Revelar-se para os pais como uma pessoa LGBTQIA+ nunca é uma tarefa fácil, inclusive para aqueles agraciados por pessoas que parecem aceitar nossa comunidade. Nunca é possível prever suas reações e o medo de se surpreender negativamente ou confirmar um receio antigo falam mais alto. O boys love (BL) tailandês “Lovely Writer”, no episódio 9, divulgado oficialmente no YouTube na última quarta-feira (28), exemplificou com maestria o quão doloroso pode ser simplesmente querer ser honesto consigo.
O nono episódio começa do ponto em que o anterior terminou. Acompanhamos a revelação do Aoey e não demora muito para que uma aguardada cena entre o casal protagonista aconteça – importante ressaltar como o roteiro consegue mesclar humor e delicadeza. Em nenhum momento temos dicas para onde o capítulo vai nos levar – a revelação aos pais de Gene e Nubsib –, mas quando chegamos no ponto desejado é possível perceber uma genialidade na forma em que tudo acontece. Há verdade nas cenas.
Em um resumo rápido, o espectador é levado até um jantar entre as famílias do casal e o clima se torna tenso aos poucos, sempre crescendo a cada fala dos personagens. Comentários sobre a popularidade dos BLs são feitos e as mães de Nubsib e Gene brincam com a possibilidade dos dois se casarem um dia. O pai de Gene é o único que realmente se mostra desconfortável, mesmo com os demais alertando que é tudo brincadeira.
O clima esquenta quando Gene revela aos pais que está namorando Nubsib e a mesa fica em completo silêncio. Importante frisar como a cena tenta ao máximo trazer uma certa realidade para o momento. As mães alegres brincando com a possibilidade de casarem os filhos se calam. É um jeito muito sutil do roteiro nos dizer que é muito fácil levantar a bandeira LGBTQIA+ quando ela não está hasteada dentro de sua própria casa.
Indo um pouco mais além, o silenciamento das mães talvez seja a forma encontrada de também criticar aquelas pessoas que consomem produtos LGBTQIA+ como se nós servíssimos apenas para mero entretenimento, um produto feito para ser apreciado como um objeto qualquer. Entretanto, quando precisamos de aliados, essas são as primeiras pessoas que soltam nossas mãos.
Precisamos de aliados? Com certeza, mas é em nós mesmos que devemos nos apoiar seja nos momentos mais urgentes e necessários, como até naqueles que parecem ser insignificantes. Precisamos sempre estar juntos, como uma fortaleza incapaz de ser derrubada. O momento em que Gene e Nubsib apenas dão as mãos, de forma tão delicada, exemplifica isso.
Jantar encerrado, cada um em sua casa. É nesse momento que Gene traz o questionamento mais importante, pelo menos para mim, de todo o enredo até o momento, ao seu pai. “Se eu não tivesse certeza, eu não teria contato para você e mamãe. Eu poderia continuar mentindo para vocês dois, mas não quero fazer isso. Estou sendo honesto comigo mesmo. Estou sendo honesto com todos. É isso que eu mereço, pai?”, questiona.
Gene não está questionando unicamente para o seu pai. Ele fala com a própria comunidade, que diariamente passa por isso, e de certa forma, comunica também com pessoas LGBTQIAfóbicas. Nós só queremos ser honestos conosco e com as pessoas ao nosso redor. Não merecemos sofrer unicamente por tentarmos ser verdadeiros. Revelar-se é um ato de coragem e não reconhecer isso exemplifica o quão perversa a homotransfobia pode ser.

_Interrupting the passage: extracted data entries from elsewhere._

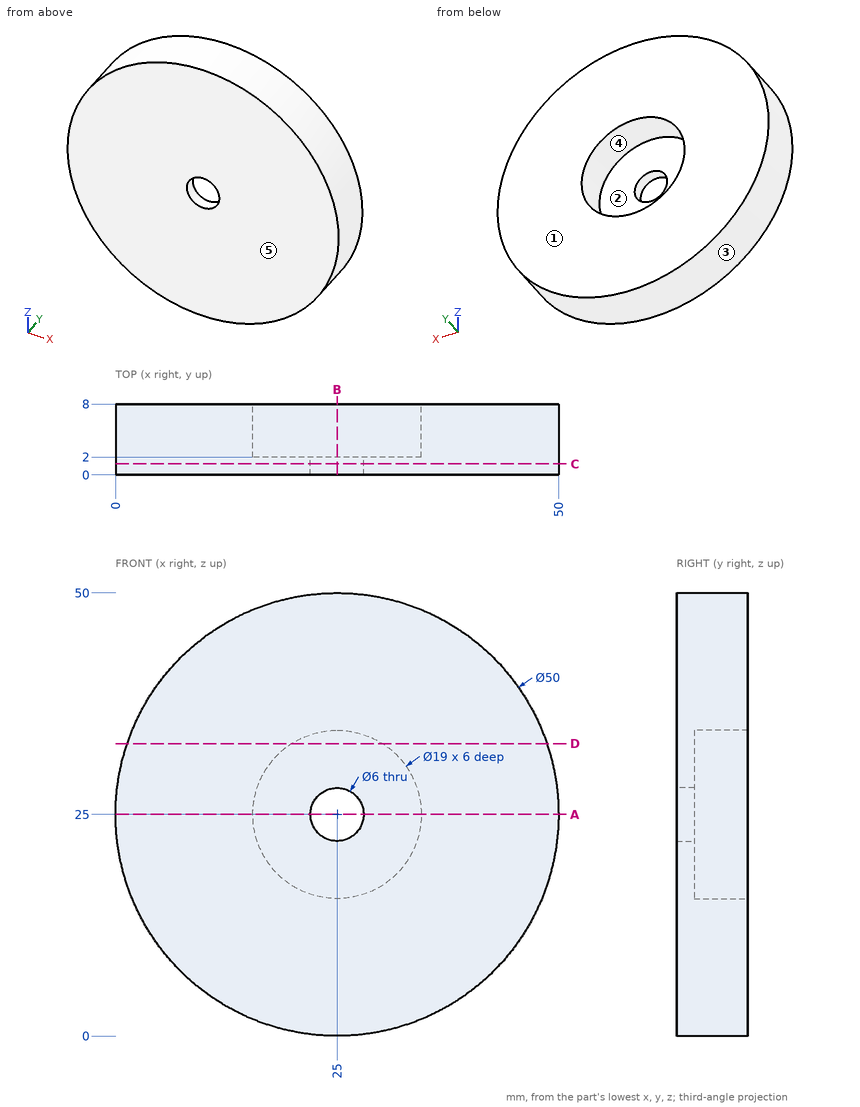
Study the drawing (mm; zero at the part's minimum x, y, z) and answer. A direction names the side the tool comes from. Coordinates: 2 decimals unless noted, no trailing zeros. Loops run counter-clockwise (first coordinate to the right, second up) from the corner with the lowest first, then second, coordinate; pieces in that order, holes last. Notation, with made-up numbers: M 24.25,-32.5 L 80.25,-32.5 A23 cw 80.25,-1.5 Z; hole C 65,16.25 d1. An arc over 180 degrees is marked long. Answer in a Markdown table with one row per item.
1) Given pin 1 (17 mm diameter, centred on x = 25, z = 25, fed in from +Y); pin 2 (4 mm diameter, centred on x = 41.5, y = 3, fed in from -Z); pin 3 (2 mm diameter, centred on x = 34.5, y = 2.5, fed in from +Z), each flat-ended and moving along its own axis, determine where each tip first touches the part or whether it passes through.
Answers below:
| item | result |
|---|---|
| pin 1 | y = 2 |
| pin 2 | z = 4.63 |
| pin 3 | z = 48.51 |
2) Find section B-B (x = 25). Determine the outline of the cut face in (y, z), then the cut area to 3 significant figures.
Answers below:
| item | result |
|---|---|
| outline | M 0,0 L 8,0 L 8,15.5 L 2,15.5 L 2,22 L 0,22 Z; M 0,28 L 2,28 L 2,34.5 L 8,34.5 L 8,50 L 0,50 Z |
| area | 274 mm^2 |
3) Which of the six approach directions +Z, -Z, +X, -X, +Y, -Y give full straight-line access (tool end or side, diameter ignored) to the marked faces 4 and 5?
Answers below:
| item | result |
|---|---|
| face 4 | +Y |
| face 5 | +Z, -Z, +X, -X, -Y |
4) Find section C-C (y = 1.25). Determine the outline of the cut face in (x, z), then the cut area to 3 significant figures.
Answers below:
| item | result |
|---|---|
| outline | C 25,25 d50; hole C 25,25 d6 |
| area | 1,940 mm^2 |
5) Find section A-A (z = 25). Determine the outline of the cut face in (x, y).
Answers below:
| item | result |
|---|---|
| outline | M 0,0 L 22,0 L 22,2 L 15.5,2 L 15.5,8 L 0,8 Z; M 28,0 L 50,0 L 50,8 L 34.5,8 L 34.5,2 L 28,2 Z |
6) Find the intervals of material crossed by probe 1 along X at (y, z) = (4.05, 25); probe 2 along Z at (x, y) = (24.5, 3) (3 decimals); probe 3 along X at (y, z) = (0.5, 25), in increasing order.
Answers below:
| item | result |
|---|---|
| probe 1 | 0 to 15.5, 34.5 to 50 |
| probe 2 | 0.005 to 15.513, 34.487 to 49.995 |
| probe 3 | 0 to 22, 28 to 50 |
7) Find section D-D (z = 33). Determine the outline of the cut face in (x, y), then the cut area to 3 significant figures.
Answers below:
| item | result |
|---|---|
| outline | M 1.31,0 L 48.69,0 L 48.69,8 L 30.12,8 L 30.12,2 L 19.88,2 L 19.88,8 L 1.31,8 Z |
| area | 317 mm^2 |
8) Determine the mould class of the marked faces 1, 2 and 3 for opening direction X: released by +X, released by -X, zero draft, split by the parting line, or undercut.
Answers below:
| item | result |
|---|---|
| face 1 | zero draft |
| face 2 | undercut |
| face 3 | split by the parting line |

Apesar de acertar em cheio ao abordar essas questões de forma bem profunda, o episódio se perde um pouco nos minutos finais. Toda a extensão da última cena, que serve para mostrar como a revelação de uma pessoa homossexual afeta todos a sua volta, soa como um exagero em termos de duração, fazendo com que a trama perca um pouco de peso por cansaço. É uma cena muito importante, mas o melodrama que ganha soa artificial.
De qualquer modo, o episódio ainda pega de surpresa ao começar de uma forma muito leve – já que a questão de Aoey se resolve rápido – e termina muito pesado e extremamente sério com o seu discurso. Não é fácil revelar-se como um membro da comunidade LGBTQIA+ e a dor que este ato pode trazer é inigualável. É uma realidade que, infelizmente, ainda atinge a maioria de nós.